Fanny, meanwhile, vexed with herself, and grieved to see Edmund's arrangements, was trying by everything in the power of her modest, gentle nature, to repulse Mr. Crawford, and avoid both his looks and inquiries; and he, unrepulsable, was persisting in both.
"What did that shake of the head mean?" said he. "What was it meant to express? Disapprobation, I fear. What had I been saying to displease you? Did you think me speaking improperly, lightly on the subject? Only tell me if I was wrong. I want to be set right. Nay, nay, I entreat you; for one moment put down your work. What did that shake of the head mean?"
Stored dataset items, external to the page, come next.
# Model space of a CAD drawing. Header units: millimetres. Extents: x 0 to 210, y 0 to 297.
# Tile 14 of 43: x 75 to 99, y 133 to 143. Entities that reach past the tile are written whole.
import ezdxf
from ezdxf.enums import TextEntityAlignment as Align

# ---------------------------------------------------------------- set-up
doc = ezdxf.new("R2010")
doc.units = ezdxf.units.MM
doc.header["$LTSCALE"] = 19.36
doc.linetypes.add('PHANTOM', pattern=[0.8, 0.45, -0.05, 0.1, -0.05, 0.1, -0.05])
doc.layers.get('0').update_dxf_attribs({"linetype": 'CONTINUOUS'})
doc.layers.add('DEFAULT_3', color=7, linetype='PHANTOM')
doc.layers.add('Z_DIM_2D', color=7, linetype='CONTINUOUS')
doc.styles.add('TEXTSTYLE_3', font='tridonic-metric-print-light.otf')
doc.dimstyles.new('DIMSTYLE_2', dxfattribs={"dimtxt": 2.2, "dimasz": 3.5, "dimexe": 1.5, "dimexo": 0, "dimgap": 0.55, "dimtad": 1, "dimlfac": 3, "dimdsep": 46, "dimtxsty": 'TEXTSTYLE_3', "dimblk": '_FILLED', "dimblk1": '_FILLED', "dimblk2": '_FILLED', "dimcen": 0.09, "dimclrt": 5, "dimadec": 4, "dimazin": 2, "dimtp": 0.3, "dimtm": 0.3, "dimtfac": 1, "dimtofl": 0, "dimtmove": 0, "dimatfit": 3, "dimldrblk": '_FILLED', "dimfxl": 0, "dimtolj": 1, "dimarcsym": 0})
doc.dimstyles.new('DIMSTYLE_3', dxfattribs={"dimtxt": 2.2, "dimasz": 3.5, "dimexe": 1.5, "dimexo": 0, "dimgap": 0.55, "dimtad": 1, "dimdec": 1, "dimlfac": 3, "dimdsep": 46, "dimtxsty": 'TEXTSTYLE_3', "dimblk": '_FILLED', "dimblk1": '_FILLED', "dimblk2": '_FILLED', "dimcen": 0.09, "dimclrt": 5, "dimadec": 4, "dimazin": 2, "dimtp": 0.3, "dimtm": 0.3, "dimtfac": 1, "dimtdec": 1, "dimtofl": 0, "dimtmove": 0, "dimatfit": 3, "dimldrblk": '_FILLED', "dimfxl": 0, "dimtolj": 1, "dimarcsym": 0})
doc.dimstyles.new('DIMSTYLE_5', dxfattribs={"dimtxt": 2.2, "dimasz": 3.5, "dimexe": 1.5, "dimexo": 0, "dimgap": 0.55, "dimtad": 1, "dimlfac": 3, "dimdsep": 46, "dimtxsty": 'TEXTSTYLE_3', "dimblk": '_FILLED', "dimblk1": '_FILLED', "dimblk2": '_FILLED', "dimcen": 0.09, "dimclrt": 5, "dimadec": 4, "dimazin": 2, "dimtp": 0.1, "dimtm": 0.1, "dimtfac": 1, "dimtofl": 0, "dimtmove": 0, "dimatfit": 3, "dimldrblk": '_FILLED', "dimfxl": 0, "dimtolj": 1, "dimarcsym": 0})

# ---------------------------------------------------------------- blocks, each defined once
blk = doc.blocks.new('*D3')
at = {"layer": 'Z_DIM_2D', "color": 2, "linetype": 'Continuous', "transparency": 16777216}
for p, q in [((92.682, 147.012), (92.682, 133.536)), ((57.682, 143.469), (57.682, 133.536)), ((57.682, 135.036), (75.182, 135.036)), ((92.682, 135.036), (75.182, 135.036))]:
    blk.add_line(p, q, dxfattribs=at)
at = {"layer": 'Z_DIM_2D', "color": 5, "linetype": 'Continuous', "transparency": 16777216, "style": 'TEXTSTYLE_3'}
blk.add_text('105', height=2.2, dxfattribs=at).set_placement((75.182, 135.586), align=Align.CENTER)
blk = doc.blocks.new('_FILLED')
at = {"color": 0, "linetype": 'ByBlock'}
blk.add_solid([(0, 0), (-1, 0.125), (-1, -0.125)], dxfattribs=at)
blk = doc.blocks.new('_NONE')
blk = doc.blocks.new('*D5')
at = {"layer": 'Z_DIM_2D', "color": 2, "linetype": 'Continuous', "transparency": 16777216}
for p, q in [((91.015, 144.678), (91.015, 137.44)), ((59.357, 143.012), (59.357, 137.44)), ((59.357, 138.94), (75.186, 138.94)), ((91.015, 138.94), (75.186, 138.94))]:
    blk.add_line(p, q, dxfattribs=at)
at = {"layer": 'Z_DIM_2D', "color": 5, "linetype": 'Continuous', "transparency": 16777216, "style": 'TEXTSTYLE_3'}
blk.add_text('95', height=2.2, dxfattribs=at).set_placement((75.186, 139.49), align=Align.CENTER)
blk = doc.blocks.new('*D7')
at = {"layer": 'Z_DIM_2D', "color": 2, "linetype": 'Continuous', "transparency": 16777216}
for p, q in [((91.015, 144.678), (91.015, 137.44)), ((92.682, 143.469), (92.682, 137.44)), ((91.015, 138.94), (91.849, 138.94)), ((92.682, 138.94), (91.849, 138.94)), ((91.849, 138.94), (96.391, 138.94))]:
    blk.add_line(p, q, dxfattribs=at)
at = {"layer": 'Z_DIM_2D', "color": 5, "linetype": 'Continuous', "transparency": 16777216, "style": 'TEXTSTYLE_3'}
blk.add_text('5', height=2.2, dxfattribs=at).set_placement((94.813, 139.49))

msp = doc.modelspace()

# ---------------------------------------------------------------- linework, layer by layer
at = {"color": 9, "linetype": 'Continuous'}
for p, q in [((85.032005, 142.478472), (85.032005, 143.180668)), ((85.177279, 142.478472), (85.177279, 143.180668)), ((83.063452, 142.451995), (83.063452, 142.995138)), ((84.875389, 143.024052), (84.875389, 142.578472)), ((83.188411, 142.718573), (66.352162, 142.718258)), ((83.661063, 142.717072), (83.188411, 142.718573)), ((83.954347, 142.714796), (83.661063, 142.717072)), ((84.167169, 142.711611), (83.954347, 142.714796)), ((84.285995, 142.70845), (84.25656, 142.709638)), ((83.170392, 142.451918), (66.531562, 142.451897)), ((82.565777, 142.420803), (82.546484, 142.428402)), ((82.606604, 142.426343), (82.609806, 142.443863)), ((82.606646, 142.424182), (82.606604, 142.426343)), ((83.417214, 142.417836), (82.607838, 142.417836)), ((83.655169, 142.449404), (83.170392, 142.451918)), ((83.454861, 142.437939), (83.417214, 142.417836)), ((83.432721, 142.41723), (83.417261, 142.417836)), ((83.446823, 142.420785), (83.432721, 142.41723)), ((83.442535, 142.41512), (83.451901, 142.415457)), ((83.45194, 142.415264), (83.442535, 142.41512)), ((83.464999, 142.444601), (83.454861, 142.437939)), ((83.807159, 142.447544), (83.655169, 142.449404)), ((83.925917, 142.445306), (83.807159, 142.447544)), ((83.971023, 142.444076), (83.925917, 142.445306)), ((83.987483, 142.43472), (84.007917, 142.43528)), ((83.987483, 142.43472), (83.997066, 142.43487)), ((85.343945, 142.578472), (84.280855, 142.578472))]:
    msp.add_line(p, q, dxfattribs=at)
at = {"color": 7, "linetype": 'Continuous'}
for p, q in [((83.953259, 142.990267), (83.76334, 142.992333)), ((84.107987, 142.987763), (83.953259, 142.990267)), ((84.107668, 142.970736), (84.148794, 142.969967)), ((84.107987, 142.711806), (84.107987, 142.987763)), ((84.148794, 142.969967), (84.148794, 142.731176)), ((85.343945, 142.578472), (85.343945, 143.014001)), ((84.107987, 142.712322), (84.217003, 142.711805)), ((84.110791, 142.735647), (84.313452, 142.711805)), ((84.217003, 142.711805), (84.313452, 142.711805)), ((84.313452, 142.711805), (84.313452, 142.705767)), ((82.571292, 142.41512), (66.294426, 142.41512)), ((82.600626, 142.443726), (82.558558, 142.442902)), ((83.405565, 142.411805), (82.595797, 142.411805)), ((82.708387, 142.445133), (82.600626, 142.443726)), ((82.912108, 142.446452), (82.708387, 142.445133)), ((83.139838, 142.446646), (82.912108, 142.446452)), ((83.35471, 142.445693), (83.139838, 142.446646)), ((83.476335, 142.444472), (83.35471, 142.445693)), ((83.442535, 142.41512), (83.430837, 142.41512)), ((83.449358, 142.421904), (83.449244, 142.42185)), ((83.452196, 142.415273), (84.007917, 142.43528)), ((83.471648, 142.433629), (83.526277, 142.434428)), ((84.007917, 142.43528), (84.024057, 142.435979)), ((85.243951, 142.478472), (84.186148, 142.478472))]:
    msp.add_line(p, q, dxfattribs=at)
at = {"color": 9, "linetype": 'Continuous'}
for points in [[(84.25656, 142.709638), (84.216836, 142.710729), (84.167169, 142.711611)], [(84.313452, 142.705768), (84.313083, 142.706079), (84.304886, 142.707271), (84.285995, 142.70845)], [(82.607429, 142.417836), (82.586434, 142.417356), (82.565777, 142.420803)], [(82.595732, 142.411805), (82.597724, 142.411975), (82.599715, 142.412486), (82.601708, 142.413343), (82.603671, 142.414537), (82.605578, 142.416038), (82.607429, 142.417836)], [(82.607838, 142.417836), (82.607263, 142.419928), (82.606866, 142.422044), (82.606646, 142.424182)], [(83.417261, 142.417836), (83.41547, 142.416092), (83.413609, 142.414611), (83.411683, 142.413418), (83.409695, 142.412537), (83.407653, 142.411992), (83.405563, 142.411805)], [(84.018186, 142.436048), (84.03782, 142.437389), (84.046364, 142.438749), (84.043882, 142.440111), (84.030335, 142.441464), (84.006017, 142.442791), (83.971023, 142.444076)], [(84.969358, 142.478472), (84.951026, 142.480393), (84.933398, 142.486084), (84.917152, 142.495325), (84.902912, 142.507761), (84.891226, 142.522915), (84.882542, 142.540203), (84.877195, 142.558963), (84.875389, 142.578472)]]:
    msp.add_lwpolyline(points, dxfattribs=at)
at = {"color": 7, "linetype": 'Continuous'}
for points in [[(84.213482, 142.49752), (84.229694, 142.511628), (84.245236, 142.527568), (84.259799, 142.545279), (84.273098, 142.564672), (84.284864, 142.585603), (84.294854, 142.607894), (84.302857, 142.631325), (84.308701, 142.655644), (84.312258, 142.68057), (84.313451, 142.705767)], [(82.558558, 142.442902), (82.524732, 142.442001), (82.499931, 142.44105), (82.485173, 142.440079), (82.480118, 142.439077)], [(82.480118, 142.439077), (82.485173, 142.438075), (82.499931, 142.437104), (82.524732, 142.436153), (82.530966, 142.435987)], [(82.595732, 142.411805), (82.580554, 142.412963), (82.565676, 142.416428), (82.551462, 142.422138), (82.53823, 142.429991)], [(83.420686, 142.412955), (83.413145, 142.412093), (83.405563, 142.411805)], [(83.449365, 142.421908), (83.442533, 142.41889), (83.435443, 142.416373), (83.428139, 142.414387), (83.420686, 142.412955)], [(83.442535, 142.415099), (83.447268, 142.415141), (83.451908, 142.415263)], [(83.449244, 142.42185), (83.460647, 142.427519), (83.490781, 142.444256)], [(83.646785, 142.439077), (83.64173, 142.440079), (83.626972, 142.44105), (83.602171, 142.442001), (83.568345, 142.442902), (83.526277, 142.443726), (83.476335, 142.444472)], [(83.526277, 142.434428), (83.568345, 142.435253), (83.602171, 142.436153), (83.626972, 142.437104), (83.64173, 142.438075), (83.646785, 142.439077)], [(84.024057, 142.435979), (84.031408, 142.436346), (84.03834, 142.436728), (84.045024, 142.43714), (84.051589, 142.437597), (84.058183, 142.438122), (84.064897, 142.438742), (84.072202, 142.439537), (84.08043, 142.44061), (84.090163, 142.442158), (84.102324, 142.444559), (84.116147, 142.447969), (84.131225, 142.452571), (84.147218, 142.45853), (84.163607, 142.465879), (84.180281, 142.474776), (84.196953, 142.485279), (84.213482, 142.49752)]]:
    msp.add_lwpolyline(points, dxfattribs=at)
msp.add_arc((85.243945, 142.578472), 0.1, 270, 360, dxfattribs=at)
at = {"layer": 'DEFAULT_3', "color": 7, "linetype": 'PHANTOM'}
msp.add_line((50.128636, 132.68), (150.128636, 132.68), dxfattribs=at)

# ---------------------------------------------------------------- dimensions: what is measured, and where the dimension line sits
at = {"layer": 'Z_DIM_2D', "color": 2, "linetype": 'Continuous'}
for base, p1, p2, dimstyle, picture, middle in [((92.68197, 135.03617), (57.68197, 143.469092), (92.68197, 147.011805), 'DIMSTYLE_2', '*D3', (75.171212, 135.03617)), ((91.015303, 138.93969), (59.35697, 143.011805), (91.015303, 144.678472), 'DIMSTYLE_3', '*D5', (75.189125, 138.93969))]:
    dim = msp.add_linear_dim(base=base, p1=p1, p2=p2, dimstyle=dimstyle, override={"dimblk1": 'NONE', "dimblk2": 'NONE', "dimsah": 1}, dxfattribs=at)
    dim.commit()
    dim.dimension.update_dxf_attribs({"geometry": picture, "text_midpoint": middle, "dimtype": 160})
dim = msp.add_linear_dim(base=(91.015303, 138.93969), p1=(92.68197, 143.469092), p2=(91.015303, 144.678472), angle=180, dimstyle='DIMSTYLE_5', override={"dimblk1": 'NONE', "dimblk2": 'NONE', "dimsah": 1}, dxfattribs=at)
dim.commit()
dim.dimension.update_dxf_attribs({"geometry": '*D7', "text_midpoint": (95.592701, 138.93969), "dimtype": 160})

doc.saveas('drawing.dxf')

In vain was her "Pray, sir, don't; pray, Mr. Crawford," repeated; and in vain did she try to move away. In the same low, eager voice, he went on, reurging the same questions. She grew more agitated and displeased.
"How can you, sir? You quite astonish me; I wonder how you can—"
"Do I astonish you?" said he. "Do you wonder? I will explain to you instantly all that makes me urge you in this manner, all that gives me an interest in what you look and do. I will not leave you to wonder long."
In spite of herself, she could not help half a smile, but she said nothing.
"You shook your head at my saying that I should not like the duties of a clergyman for a constancy. Yes, that was the word. Constancy: I am not afraid of the word. I see nothing alarming in the word. Did you think I ought?"
"Perhaps, sir," said Fanny, wearied at last into speaking—"perhaps, sir, I thought it was a pity you did not always know yourself as well as you seemed to do at that moment."
Crawford, delighted to get her to speak at any rate, was determined to keep it up; and poor Fanny, who had hoped to silence him by such extreme reproof, found herself sadly mistaken, and that it was only a change from one set of words to another. He had always something to entreat the explanation of. The opportunity was too fair. None such might occur again before his leaving Mansfield. Lady Bertram's being just on the other side of the table was a trifle, for she was only half-awake, and Edmund's advertisements were still proving most useful.
"Well," said Crawford, after a course of rapid questions and reluctant answers; "I am happier than I was, because I now understand more clearly your opinion of me. You think me unsteady: easily swayed by the whim of the moment. But we shall see. My conduct shall speak for me; absence, distance, time shall speak for me. They shall prove that I do deserve you. You are infinitely my superior in merit, I know. You have qualities which I had not before supposed to exist in such a degree in any human creature. You have some touches of the angel in you. But still I am not frightened. It is not by equality of merit that you can be won. It is he who worships your merit the strongest, who loves you most devotedly, that has the best right to a return. There I build my confidence. By that right I do and will deserve you. Yes, dearest, sweetest Fanny. Nay" (seeing her draw back displeased), "forgive me; but by what other name can I call you? It is 'Fanny' that I think of all day, and dream of all night. You have given the name such sweetness, that nothing else can be descriptive of you."
Fanny could hardly have kept her seat any longer, had it not been for the sound of approaching relief, the sound which she had been long waiting for, and thinking strangely delayed.
The solemn procession, headed by Baddeley, of tea-board, urn, and cake-bearers, made its appearance, and delivered her. Mr. Crawford was obliged to move. She was at liberty, she was busy, she was protected.
Edmund was not sorry to be again able to speak and hear. On looking at Fanny he saw a flush of vexation; yet he hoped that so much could not have been said without some profit to the speaker.